**WHAT IS NEEDED**
Where an entry contains an image, skip the image and print the rest exactly.

Items from a data source

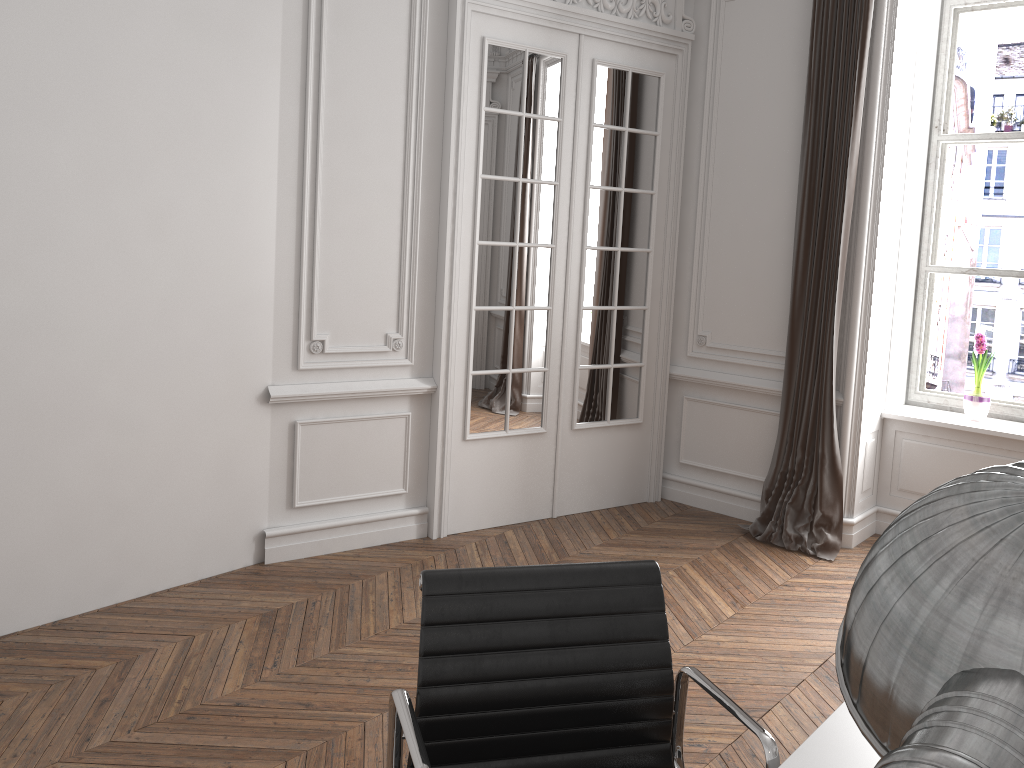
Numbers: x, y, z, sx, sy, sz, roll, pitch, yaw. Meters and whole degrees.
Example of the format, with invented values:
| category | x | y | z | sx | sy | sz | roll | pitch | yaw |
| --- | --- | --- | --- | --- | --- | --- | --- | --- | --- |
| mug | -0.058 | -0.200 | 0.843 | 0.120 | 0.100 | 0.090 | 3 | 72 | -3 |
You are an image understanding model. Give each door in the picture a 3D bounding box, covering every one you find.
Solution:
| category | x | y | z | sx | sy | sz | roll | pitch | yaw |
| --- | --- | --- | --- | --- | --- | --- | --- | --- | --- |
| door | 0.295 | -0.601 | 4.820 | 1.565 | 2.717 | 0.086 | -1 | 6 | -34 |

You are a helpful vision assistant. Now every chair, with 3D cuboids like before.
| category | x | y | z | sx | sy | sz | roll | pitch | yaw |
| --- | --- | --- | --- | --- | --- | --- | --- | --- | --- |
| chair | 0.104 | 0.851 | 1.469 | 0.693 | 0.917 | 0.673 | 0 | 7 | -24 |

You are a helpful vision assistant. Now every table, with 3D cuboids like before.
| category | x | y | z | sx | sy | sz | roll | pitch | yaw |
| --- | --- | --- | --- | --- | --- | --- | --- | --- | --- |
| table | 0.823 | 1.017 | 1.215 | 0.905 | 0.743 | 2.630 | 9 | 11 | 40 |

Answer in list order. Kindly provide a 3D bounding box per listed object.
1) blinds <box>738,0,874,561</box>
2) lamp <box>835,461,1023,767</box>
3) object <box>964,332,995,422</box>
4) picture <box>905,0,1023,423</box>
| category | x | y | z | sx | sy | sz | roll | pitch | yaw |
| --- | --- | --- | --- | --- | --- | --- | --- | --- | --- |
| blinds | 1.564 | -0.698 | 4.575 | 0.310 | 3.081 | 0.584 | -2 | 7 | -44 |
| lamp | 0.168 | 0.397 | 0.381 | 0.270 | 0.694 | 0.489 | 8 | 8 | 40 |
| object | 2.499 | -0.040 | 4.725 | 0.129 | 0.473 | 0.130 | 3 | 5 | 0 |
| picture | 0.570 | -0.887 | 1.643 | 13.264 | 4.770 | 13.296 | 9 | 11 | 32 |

**RESPONSE AREA**
Numbers: x, y, z, sx, sy, sz, roll, pitch, yaw. Meters and whole degrees.
Example of the format, with invented values:
| category | x | y | z | sx | sy | sz | roll | pitch | yaw |
| --- | --- | --- | --- | --- | --- | --- | --- | --- | --- |
| mug | -0.058 | -0.200 | 0.843 | 0.120 | 0.100 | 0.090 | 3 | 72 | -3 |
You are an image understanding model. Give each door in the picture a 3D bounding box, covering every one you find.
Solution:
| category | x | y | z | sx | sy | sz | roll | pitch | yaw |
| --- | --- | --- | --- | --- | --- | --- | --- | --- | --- |
| door | 0.295 | -0.601 | 4.820 | 1.565 | 2.717 | 0.086 | -1 | 6 | -34 |

You are a helpful vision assistant. Now every chair, with 3D cuboids like before.
| category | x | y | z | sx | sy | sz | roll | pitch | yaw |
| --- | --- | --- | --- | --- | --- | --- | --- | --- | --- |
| chair | 0.104 | 0.851 | 1.469 | 0.693 | 0.917 | 0.673 | 0 | 7 | -24 |

You are a helpful vision assistant. Now every table, with 3D cuboids like before.
| category | x | y | z | sx | sy | sz | roll | pitch | yaw |
| --- | --- | --- | --- | --- | --- | --- | --- | --- | --- |
| table | 0.823 | 1.017 | 1.215 | 0.905 | 0.743 | 2.630 | 9 | 11 | 40 |

Answer in list order. Kindly provide a 3D bounding box per listed object.
1) blinds <box>738,0,874,561</box>
2) lamp <box>835,461,1023,767</box>
3) object <box>964,332,995,422</box>
4) picture <box>905,0,1023,423</box>
| category | x | y | z | sx | sy | sz | roll | pitch | yaw |
| --- | --- | --- | --- | --- | --- | --- | --- | --- | --- |
| blinds | 1.564 | -0.698 | 4.575 | 0.310 | 3.081 | 0.584 | -2 | 7 | -44 |
| lamp | 0.168 | 0.397 | 0.381 | 0.270 | 0.694 | 0.489 | 8 | 8 | 40 |
| object | 2.499 | -0.040 | 4.725 | 0.129 | 0.473 | 0.130 | 3 | 5 | 0 |
| picture | 0.570 | -0.887 | 1.643 | 13.264 | 4.770 | 13.296 | 9 | 11 | 32 |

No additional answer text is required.